Probation officer Mary Shields is fending off boob sweat and social media pile-ons when she finds herself at a book launch for one of her clients, a convicted wife killer turned men’s rights activist. When her teenage son becomes involved with his daughter, she will stop at nothing to extricate him. Since her client refuses to play by the rules, why should she?
Kitchens of the Great Midwest by J Ryan Stradal
Kitchens of the Great Midwest is an interesting novel about foodie culture and passion and obsessive focus, but it is also about a mother who breaks the ultimate taboo and abandons her baby.
Cynthia walks away from motherhood, not because of poverty or illegitimacy or psychological breakdown, but because she wants her freedom. She has just married a chef who wants to settle down and teach their daughter, Eva, about the delights of cuisine. He is planning elaborate taster menus before she is even weaned.
Cynthia, however, has discovered wine (and a handsome sommelier). She wants to visit the vineyards of the world and pursue her own dream. Her husband is a devoted father to Eva. Eva will be find without her, won’t she?
Actress by Anne Enright
In Actress, Norah writes about her life with her beautiful, famous and elusive mother, the actress Katherine O’Dell, from performing in the halls of rural Ireland to the heart of Dublin society to her brief brush with Hollywood stardom.
Norah’s attempt to capture her mother on the page is neither hagiography nor hatchet job. Her affection for her mother is tempered by an awareness of her flaws as she strives to capture the ‘real’ Katherine.
Despite that, there is a sense that Norah is as caught up in the mythology of Katherine as the fans and academics and historians who frequently write to Norah beg for her memories.
Pachinko by Min Jin Lee
Pachinko is a vividly painted family saga which spans generations, beginning in Korea in the early twentieth century. At its heart is Sunja, a woman who shows great strength and resilience in very constrained circumstances. After she gives birth to an illegitimate son in Korea, she accepts an offer of marriage to a man she doesn’t love and goes with him to Japan in the hope of a better life for their family.
Sunja struggles through poverty, injustice and the daily humiliations of life as an immigrant for her sons, while railing against her own mother’s belief that women are meant to suffer for others.
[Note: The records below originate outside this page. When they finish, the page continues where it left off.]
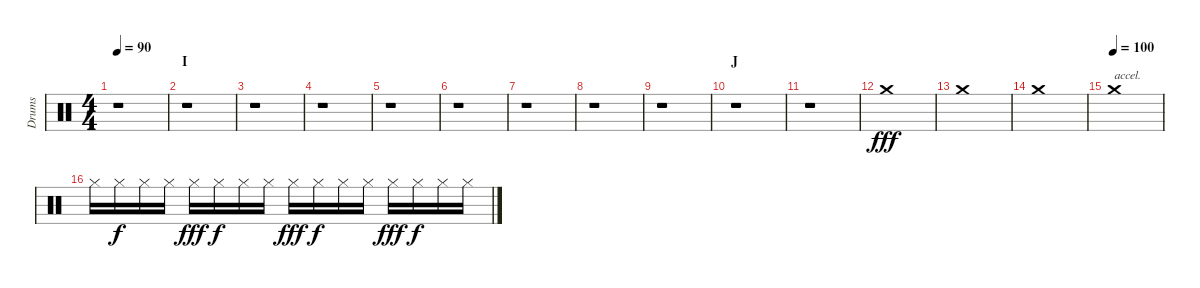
\track ("Drums" "Drums") {instrument percussion}
\staff {score}
\articulation defaults
\ts (4 4)
\tempo 90
\clef neutral
\ks c
r.1{dy fff} |
\section ("" "I")
r.1 |
r.1 |
r.1 |
r.1 |
r.1 |
r.1 |
r.1 |
r.1 |
\section ("" "J")
r.1 |
r.1 |
"Crash medium (hit)".1 |
"Crash medium (hit)".1 |
"Crash medium (hit)".1 |
\tempo (100)
"Crash medium (hit)".1{txt "accel."} |
"Hi-Hat (closed)".16 "Hi-Hat (closed)".16{dy f} "Hi-Hat (closed)".16 "Hi-Hat (closed)".16 "Hi-Hat (closed)".16{dy fff} "Hi-Hat (closed)".16{dy f} "Hi-Hat (closed)".16 "Hi-Hat (closed)".16 "Hi-Hat (closed)".16{dy fff} "Hi-Hat (closed)".16{dy f} "Hi-Hat (closed)".16 "Hi-Hat (closed)".16 "Hi-Hat (closed)".16{dy fff} "Hi-Hat (closed)".16{dy f} "Hi-Hat (closed)".16 "Hi-Hat (closed)".16
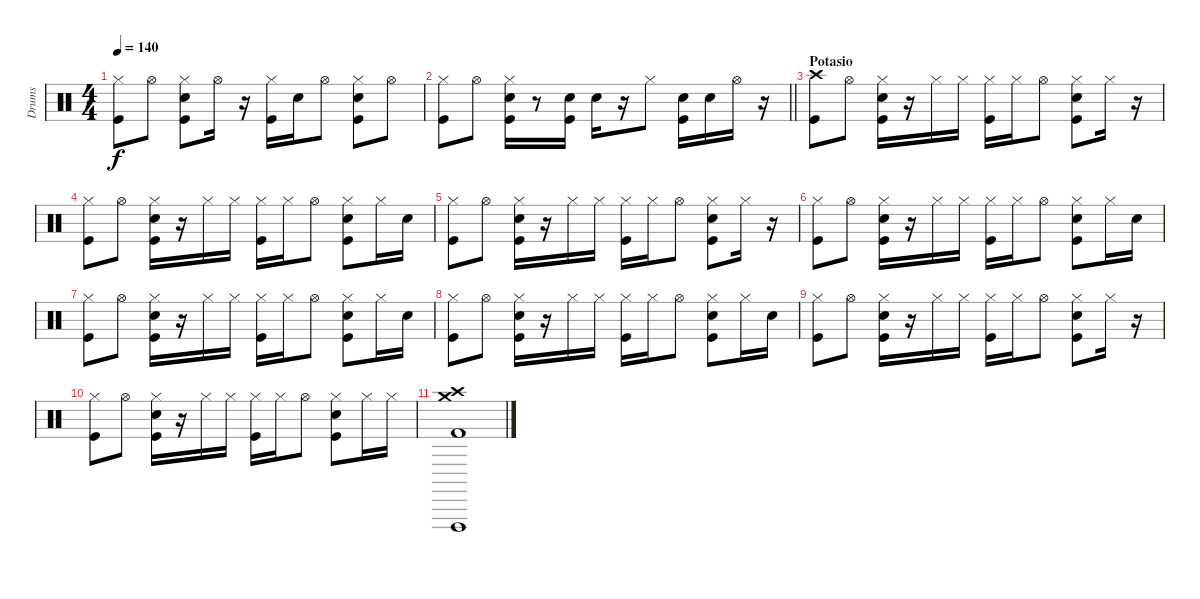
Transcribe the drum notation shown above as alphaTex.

\track ("Drums" "Drums") {instrument percussion}
\staff {score}
\articulation defaults
\ts (4 4)
\tempo 140
\clef neutral
\ks c
("Hi-Hat (closed)" "Kick (hit)").8{dy f} "Hi-Hat (open)".8 ("Hi-Hat (closed)" "Snare (hit) 2" "Kick (hit)").8 "Hi-Hat (open)".16 r.16 ("Hi-Hat (closed)" "Kick (hit)").16 "Snare (hit) 2".16 "Hi-Hat (open)".8 ("Hi-Hat (closed)" "Snare (hit) 2" "Kick (hit)").8 "Hi-Hat (open)".8 |
\barLineRight lightlight
("Hi-Hat (closed)" "Kick (hit)").8 "Hi-Hat (open)".8 ("Hi-Hat (closed)" "Snare (hit) 2" "Kick (hit)").16 r.8 ("Snare (hit) 2" "Kick (hit)").16 "Snare (hit) 2".16 r.16 "Hi-Hat (closed)".8 ("Snare (hit) 2" "Kick (hit)").16 "Snare (hit) 2".16 "Hi-Hat (open)".16 r.16 |
\section ("" "Potasio")
("Crash high (hit)" "Kick (hit)").8 "Hi-Hat (open)".8 ("Hi-Hat (closed)" "Snare (hit) 2" "Kick (hit)").16 r.16 "Hi-Hat (closed)".16 "Hi-Hat (closed)".16 ("Hi-Hat (closed)" "Kick (hit)").16 "Hi-Hat (closed)".16 "Hi-Hat (open)".8 ("Hi-Hat (closed)" "Snare (hit) 2" "Kick (hit)").8 "Hi-Hat (closed)".16 r.16 |
("Hi-Hat (closed)" "Kick (hit)").8 "Hi-Hat (open)".8 ("Hi-Hat (closed)" "Snare (hit) 2" "Kick (hit)").16 r.16 "Hi-Hat (closed)".16 "Hi-Hat (closed)".16 ("Hi-Hat (closed)" "Kick (hit)").16 "Hi-Hat (closed)".16 "Hi-Hat (open)".8 ("Hi-Hat (closed)" "Snare (hit) 2" "Kick (hit)").8 "Hi-Hat (closed)".16 "Snare (hit) 2".16 |
("Hi-Hat (closed)" "Kick (hit)").8 "Hi-Hat (open)".8 ("Hi-Hat (closed)" "Snare (hit) 2" "Kick (hit)").16 r.16 "Hi-Hat (closed)".16 "Hi-Hat (closed)".16 ("Hi-Hat (closed)" "Kick (hit)").16 "Hi-Hat (closed)".16 "Hi-Hat (open)".8 ("Hi-Hat (closed)" "Snare (hit) 2" "Kick (hit)").8 "Hi-Hat (closed)".16 r.16 |
("Hi-Hat (closed)" "Kick (hit)").8 "Hi-Hat (open)".8 ("Hi-Hat (closed)" "Snare (hit) 2" "Kick (hit)").16 r.16 "Hi-Hat (closed)".16 "Hi-Hat (closed)".16 ("Hi-Hat (closed)" "Kick (hit)").16 "Hi-Hat (closed)".16 "Hi-Hat (open)".8 ("Hi-Hat (closed)" "Snare (hit) 2" "Kick (hit)").8 "Hi-Hat (closed)".16 "Snare (hit) 2".16 |
("Hi-Hat (closed)" "Kick (hit)").8 "Hi-Hat (open)".8 ("Hi-Hat (closed)" "Snare (hit) 2" "Kick (hit)").16 r.16 "Hi-Hat (closed)".16 "Hi-Hat (closed)".16 ("Hi-Hat (closed)" "Kick (hit)").16 "Hi-Hat (closed)".16 "Hi-Hat (open)".8 ("Hi-Hat (closed)" "Snare (hit) 2" "Kick (hit)").8 "Hi-Hat (closed)".16 "Snare (hit) 2".16 |
("Hi-Hat (closed)" "Kick (hit)").8 "Hi-Hat (open)".8 ("Hi-Hat (closed)" "Snare (hit) 2" "Kick (hit)").16 r.16 "Hi-Hat (closed)".16 "Hi-Hat (closed)".16 ("Hi-Hat (closed)" "Kick (hit)").16 "Hi-Hat (closed)".16 "Hi-Hat (open)".8 ("Hi-Hat (closed)" "Snare (hit) 2" "Kick (hit)").8 "Hi-Hat (closed)".16 "Snare (hit) 2".16 |
("Hi-Hat (closed)" "Kick (hit)").8 "Hi-Hat (open)".8 ("Hi-Hat (closed)" "Snare (hit) 2" "Kick (hit)").16 r.16 "Hi-Hat (closed)".16 "Hi-Hat (closed)".16 ("Hi-Hat (closed)" "Kick (hit)").16 "Hi-Hat (closed)".16 "Hi-Hat (open)".8 ("Hi-Hat (closed)" "Snare (hit) 2" "Kick (hit)").8 "Hi-Hat (closed)".16 r.16 |
("Hi-Hat (closed)" "Kick (hit)").8 "Hi-Hat (open)".8 ("Hi-Hat (closed)" "Snare (hit) 2" "Kick (hit)").16 r.16 "Hi-Hat (closed)".16 "Hi-Hat (closed)".16 ("Hi-Hat (closed)" "Kick (hit)").16 "Hi-Hat (closed)".16 "Hi-Hat (open)".8 ("Hi-Hat (closed)" "Snare (hit) 2" "Kick (hit)").8 "Hi-Hat (closed)".16 "Hi-Hat (closed)".16 |
("Crash medium (hit)" "Vibraslap (hit)" "Crash high (hit)" "Kick (hit) 2").1
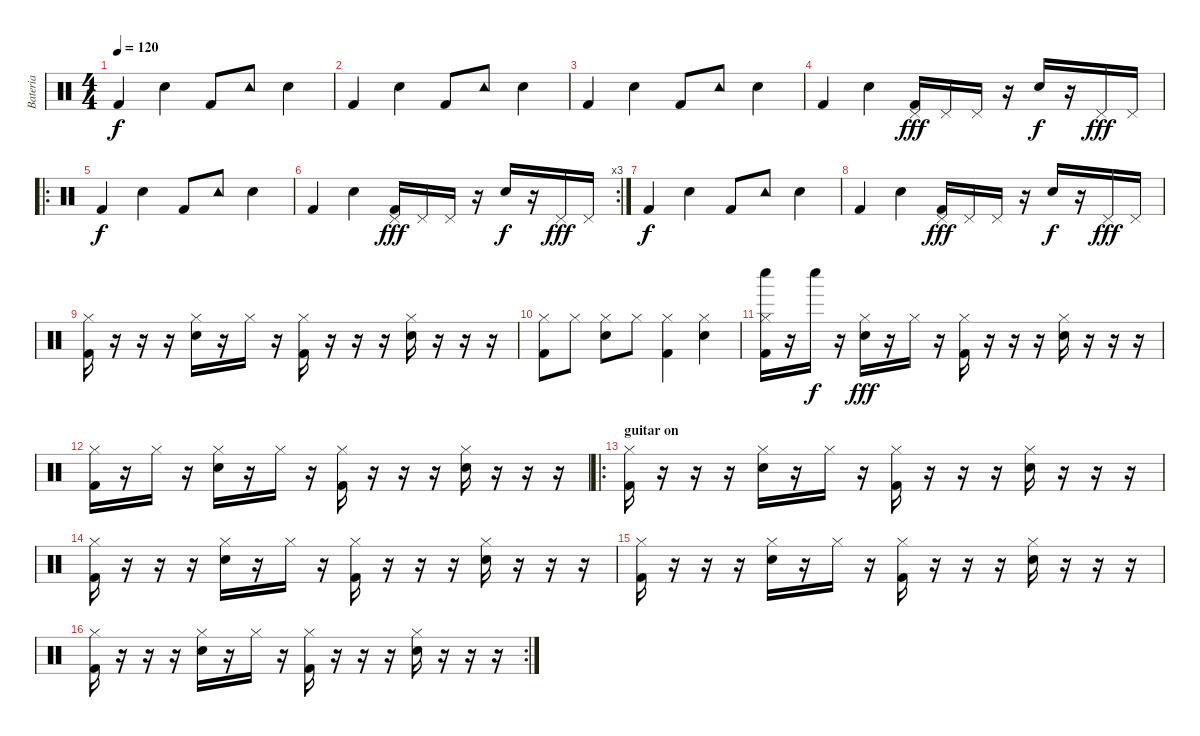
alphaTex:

\track ("Bateria" "Bateria") {instrument percussion}
\staff {score}
\articulation defaults
\ts (4 4)
\tempo 120
\clef neutral
\ks c "Kick (hit) 2".4{dy f} "Electric Snare (hit)".4 "Kick (hit) 2".8 "Tambourine (hit)".8 "Electric Snare (hit)".4
|
"Kick (hit) 2".4 "Electric Snare (hit)".4 "Kick (hit) 2".8 "Tambourine (hit)".8 "Electric Snare (hit)".4 |
"Kick (hit) 2".4 "Electric Snare (hit)".4 "Kick (hit) 2".8 "Tambourine (hit)".8 "Electric Snare (hit)".4 |
"Kick (hit) 2".4 "Electric Snare (hit)".4 ("Pedal Hi-Hat (hit)" "Kick (hit) 2").16{dy fff} "Pedal Hi-Hat (hit)".16 "Pedal Hi-Hat (hit)".16 r.16 "Electric Snare (hit)".16{dy f} r.16 "Pedal Hi-Hat (hit)".16{dy fff} "Pedal Hi-Hat (hit)".16 |
\ro "Kick (hit) 2".4{dy f} "Electric Snare (hit)".4 "Kick (hit) 2".8 "Tambourine (hit)".8 "Electric Snare (hit)".4
|
\rc 3 "Kick (hit) 2".4 "Electric Snare (hit)".4
("Pedal Hi-Hat (hit)" "Kick (hit) 2").16{dy fff} "Pedal Hi-Hat (hit)".16 "Pedal Hi-Hat (hit)".16 r.16 "Electric Snare (hit)".16{dy f} r.16 "Pedal Hi-Hat (hit)".16{dy fff} "Pedal Hi-Hat (hit)".16 |
"Kick (hit) 2".4{dy f} "Electric Snare (hit)".4 "Kick (hit) 2".8 "Tambourine (hit)".8 "Electric Snare (hit)".4 |
"Kick (hit) 2".4 "Electric Snare (hit)".4 ("Pedal Hi-Hat (hit)" "Kick (hit) 2").16{dy fff} "Pedal Hi-Hat (hit)".16 "Pedal Hi-Hat (hit)".16 r.16 "Electric Snare (hit)".16{dy f} r.16 "Pedal Hi-Hat (hit)".16{dy fff} "Pedal Hi-Hat (hit)".16 |
("Hi-Hat (closed)" "Kick (hit) 2").16 r.16 r.16 r.16 ("Hi-Hat (closed)" "Electric Snare (hit)").16 r.16 "Hi-Hat (closed)".16 r.16 ("Hi-Hat (closed)" "Kick (hit) 2").16 r.16 r.16 r.16 ("Hi-Hat (closed)" "Electric Snare (hit)").16 r.16 r.16 r.16 |
("Hi-Hat (closed)" "Kick (hit) 2").8 "Hi-Hat (closed)".8 ("Hi-Hat (closed)" "Electric Snare (hit)").8 "Hi-Hat (closed)".8 ("Hi-Hat (closed)" "Kick (hit) 2").4 ("Hi-Hat (closed)" "Electric Snare (hit)").4 |
("Hi-Hat (closed)" "Whistle low (hit)" "Kick (hit) 2").16 r.16 "Whistle low (hit)".16{dy f} r.16 ("Hi-Hat (closed)" "Electric Snare (hit)").16{dy fff} r.16 "Hi-Hat (closed)".16 r.16 ("Hi-Hat (closed)" "Kick (hit) 2").16 r.16 r.16 r.16 ("Hi-Hat (closed)" "Electric Snare (hit)").16 r.16 r.16 r.16 |
("Hi-Hat (closed)" "Kick (hit) 2").16 r.16 "Hi-Hat (closed)".16 r.16 ("Hi-Hat (closed)" "Electric Snare (hit)").16 r.16 "Hi-Hat (closed)".16 r.16 ("Hi-Hat (closed)" "Kick (hit) 2").16 r.16 r.16 r.16 ("Hi-Hat (closed)" "Electric Snare (hit)").16 r.16 r.16 r.16 |
\ro
\section ("" "guitar on")
("Hi-Hat (closed)" "Kick (hit) 2").16 r.16 r.16 r.16 ("Hi-Hat (closed)" "Electric Snare (hit)").16 r.16 "Hi-Hat (closed)".16 r.16 ("Hi-Hat (closed)" "Kick (hit) 2").16 r.16 r.16 r.16 ("Hi-Hat (closed)" "Electric Snare (hit)").16 r.16 r.16 r.16 |
("Hi-Hat (closed)" "Kick (hit) 2").16 r.16 r.16 r.16 ("Hi-Hat (closed)" "Electric Snare (hit)").16 r.16 "Hi-Hat (closed)".16 r.16 ("Hi-Hat (closed)" "Kick (hit) 2").16 r.16 r.16 r.16 ("Hi-Hat (closed)" "Electric Snare (hit)").16 r.16 r.16 r.16 |
("Hi-Hat (closed)" "Kick (hit) 2").16 r.16 r.16 r.16 ("Hi-Hat (closed)" "Electric Snare (hit)").16 r.16 "Hi-Hat (closed)".16 r.16 ("Hi-Hat (closed)" "Kick (hit) 2").16 r.16 r.16 r.16 ("Hi-Hat (closed)" "Electric Snare (hit)").16 r.16 r.16 r.16 |
\rc 2
("Hi-Hat (closed)" "Kick (hit) 2").16 r.16 r.16 r.16 ("Hi-Hat (closed)" "Electric Snare (hit)").16 r.16 "Hi-Hat (closed)".16 r.16 ("Hi-Hat (closed)" "Kick (hit) 2").16 r.16 r.16 r.16 ("Hi-Hat (closed)" "Electric Snare (hit)").16 r.16 r.16 r.16

The novel highlights the difficult conditions Korean immigrants faced in Japan. Their children, generations on, were still excluded from citizenship. Her sons’ different responses to prejudice, and to the compromises Sunja has made for their sake, offer a fascinating insight into their experience.
A subject I find endlessly fascinating. Of recent reads, I’d recommend Gwendoline Riley’s My Phantoms, Back to Delphi by Ioanna Karystiani, Territory of Light by Tsushima Yuko and of course Moominmamma forever!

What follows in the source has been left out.